*EXERCISE INSTRUCTIONS*:
Scan the data that follows and count the lines with the string "each"; answer with the count alone.

**** AVAILABLE DATA ****

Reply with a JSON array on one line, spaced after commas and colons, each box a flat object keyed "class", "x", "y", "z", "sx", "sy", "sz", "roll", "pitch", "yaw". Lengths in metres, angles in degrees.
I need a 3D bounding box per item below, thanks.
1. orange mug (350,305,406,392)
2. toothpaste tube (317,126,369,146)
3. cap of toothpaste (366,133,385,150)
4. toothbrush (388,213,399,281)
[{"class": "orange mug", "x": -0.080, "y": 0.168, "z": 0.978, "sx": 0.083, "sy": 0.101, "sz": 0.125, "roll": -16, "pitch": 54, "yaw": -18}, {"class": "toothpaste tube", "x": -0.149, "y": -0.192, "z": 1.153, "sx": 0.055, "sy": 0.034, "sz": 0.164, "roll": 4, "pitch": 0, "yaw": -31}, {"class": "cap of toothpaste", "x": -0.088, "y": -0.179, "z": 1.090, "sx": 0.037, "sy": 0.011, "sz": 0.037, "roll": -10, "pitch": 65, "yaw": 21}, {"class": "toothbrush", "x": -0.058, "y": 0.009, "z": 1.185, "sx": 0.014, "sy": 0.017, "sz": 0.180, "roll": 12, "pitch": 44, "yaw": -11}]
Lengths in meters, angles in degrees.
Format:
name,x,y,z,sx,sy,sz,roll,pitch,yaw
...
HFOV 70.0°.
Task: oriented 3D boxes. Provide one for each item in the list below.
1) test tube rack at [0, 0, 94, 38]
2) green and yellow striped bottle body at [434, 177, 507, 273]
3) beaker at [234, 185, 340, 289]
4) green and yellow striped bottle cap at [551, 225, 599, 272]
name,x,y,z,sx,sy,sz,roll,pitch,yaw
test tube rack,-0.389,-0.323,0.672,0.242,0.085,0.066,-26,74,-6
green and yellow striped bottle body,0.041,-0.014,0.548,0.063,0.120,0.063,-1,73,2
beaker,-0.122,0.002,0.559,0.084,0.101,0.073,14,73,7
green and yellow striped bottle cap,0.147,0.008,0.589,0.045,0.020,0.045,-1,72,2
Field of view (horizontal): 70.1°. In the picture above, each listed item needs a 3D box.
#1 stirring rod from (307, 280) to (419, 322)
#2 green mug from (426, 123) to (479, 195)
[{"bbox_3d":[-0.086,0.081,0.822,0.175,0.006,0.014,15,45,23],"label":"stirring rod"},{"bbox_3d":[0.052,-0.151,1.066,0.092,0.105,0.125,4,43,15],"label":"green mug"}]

****

*RESPONSE*:
3